Por fin llegó el viernes. Una nota que me hizo llegar el arzobispo me decía que estuviese a las nueve de la mañana en punto, en un determinado confesionario. Me indicaba que entrase en él con decisión, sin mirar a nadie y, por supuesto, con mi hábito de dominico. Al cabo de un rato podría acometer mi misión. A las ocho, cuando abrieron la catedral, ya estaba deambulando por sus capillas tratando de quitarme el pavor que sentía, hasta que, por fin, a la nueve en punto entré en el confesionario, cerré la puerta y eché las cortinas quedando en penumbra. Recuerdo que en esos momentos el corazón me latía con inusitada fuerza, como si quisiese salir por la boca. Para tranquilizarme, no se me ocurrió otra cosa que rezar en voz queda.
Al poco rato sentí que alguien se arrodillaba en el reclinatorio y llamaba suavemente a la portilla. La abrí y tras aquella fina celosía adiviné la belleza de una mujer, aún joven, cubierta con un velo negro. Sin darle tiempo a reaccionar le dije:
—Señora, era amigo de vuestro marido y el deseo de hacer justicia me ha traído hasta vos. Por favor, no deis señales de alarma y escuchadme, os los ruego. Van en ello nuestras vidas, al menos la mía.
—¿Qué…? ¿Cómo habéis podido…?
—Por favor, señora, no digáis nada y escuchadme —dije, ya algo más tranquilo al ver que seguía allí arrodillada—. Mi señor y amigo, el duque de Alba, ha caído en desgracia. Los autores de la conspiración para apartarle del poder han sido los mismos que estuvieron detrás de la muerte de vuestro marido. Quiero que me digáis todo lo que sabéis y yo os prometo que lucharé por reivindicar el nombre de vuestro difunto esposo y llevar ante la justicia al autor o autores del crimen.

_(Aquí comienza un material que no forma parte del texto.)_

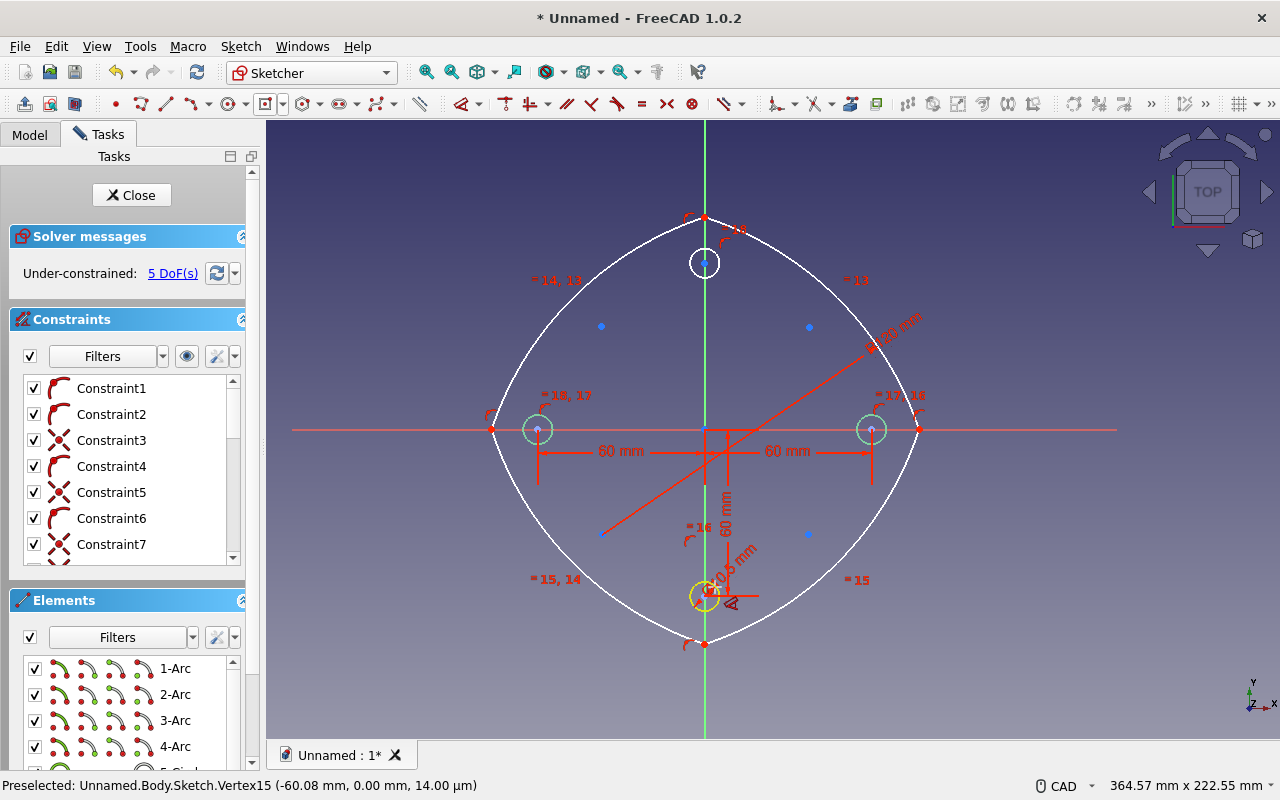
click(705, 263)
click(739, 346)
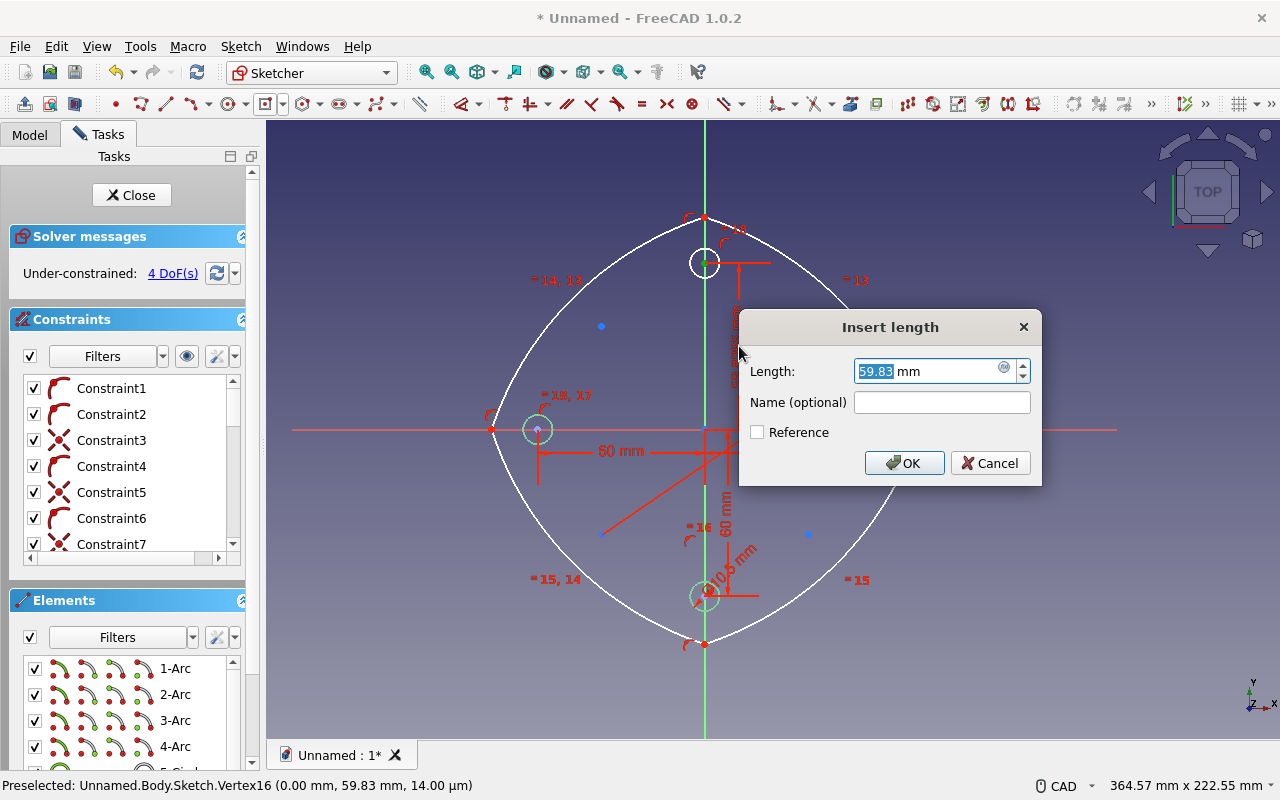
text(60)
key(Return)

—¿Y cómo sé yo que vos sois quién decís, que lo que me contáis es cosa cierta y no un ardid de los mismos que asesinaron a mi esposo, de los mismos que me vigilan para saber lo que yo sé?

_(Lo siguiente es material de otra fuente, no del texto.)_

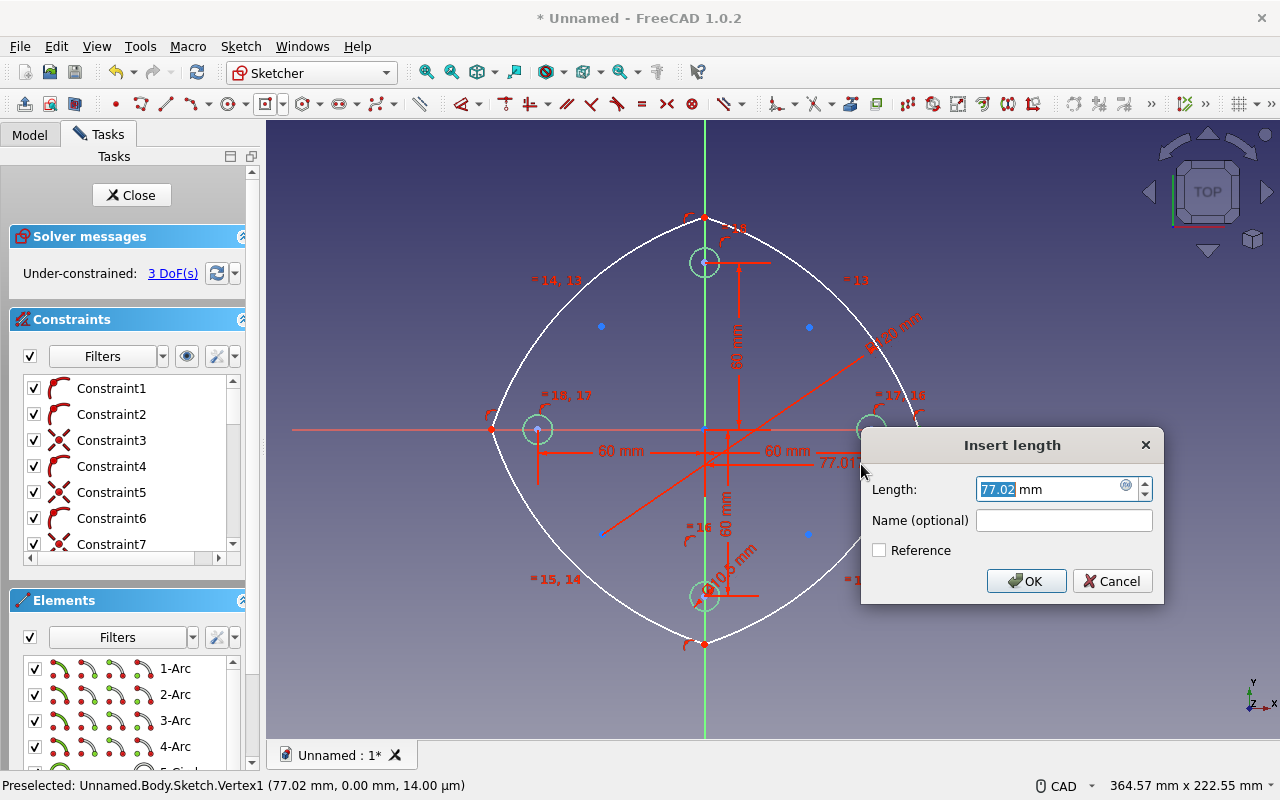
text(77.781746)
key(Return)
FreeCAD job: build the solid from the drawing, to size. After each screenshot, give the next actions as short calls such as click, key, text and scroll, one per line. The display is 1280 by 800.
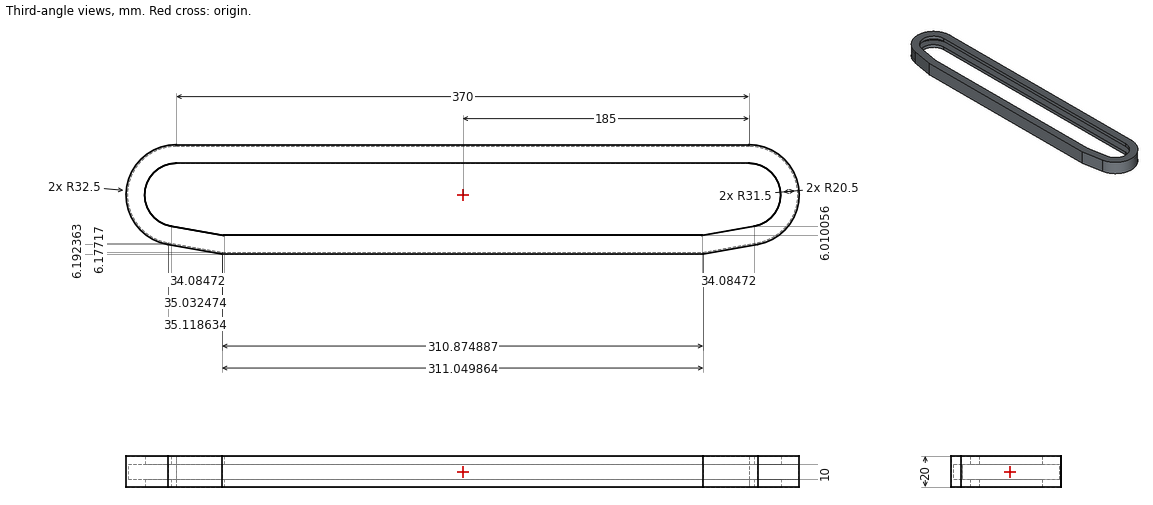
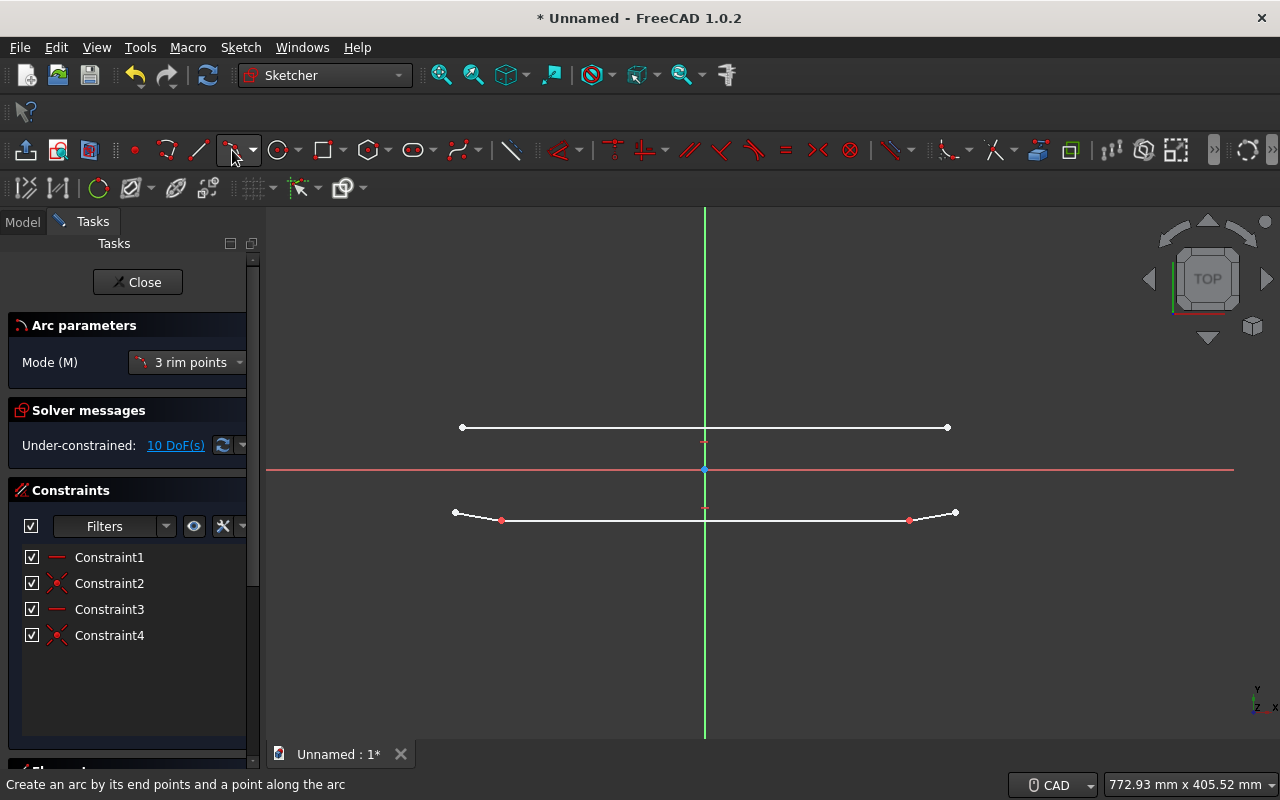
click(462, 428)
click(455, 513)
click(423, 454)

—Podéis preguntar al señor arzobispo sobre mis credenciales y no os será fácil comprobar la veracidad de la defenestración del duque y su exilio en el pueblo de Uceda.
—Bien, así lo haré, y si es verdad lo que decís, la semana que viene a la misma hora, volveremos a quedar en este mismo lugar y de la misma manera.
Esperé unos minutos a que saliese del confesionario y se dispusiese cerca del altar a escuchar misa, como hacía cada día tras recibir la absolución, y me dirigí al palacio del arzobispo. Pedí audiencia y enseguida me recibió. Se le veía excitado, preocupado.
—¿Cómo os ha ido? —preguntó precipitadamente.
—Creo que bien, lo que sucede es que quiere asegurarse de mi identidad y antes hablará con vos. Está muy asustada y ha estado, y seguramente aún está, en peligro —contesté.
—Sí, lo sé. Me ha llegado esta misma mañana una carta de nuestro común amigo don Rodrigo —dijo, tras llevarme a un pequeño gabinete en el que no había peligro de que nadie nos escuchase—. Me informa de vuestra identidad, y de que han descubierto vuestra ausencia de Madrid.
—Me lo temía… Era demasiado tiempo para desaparecer como si nada.
—Lo malo es que ahora os buscan y los conspiradores también piensan que es posible que vos estéis aquí haciendo lo que ya estáis haciendo, por lo que don Rodrigo me informa que han enviado media docena de sicarios más con el fin de encontraros y, me temo, acabar con vos.
—Vaya, lo que me faltaba…
—No os apuréis, ya encontraremos una solución. De momento, esperaremos a que la señora en cuestión se dirija a mí y que todo siga transcurriendo con absoluta normalidad. Es evidente que por nada habéis de abandonar este palacio, no sea que alguno os reconozca.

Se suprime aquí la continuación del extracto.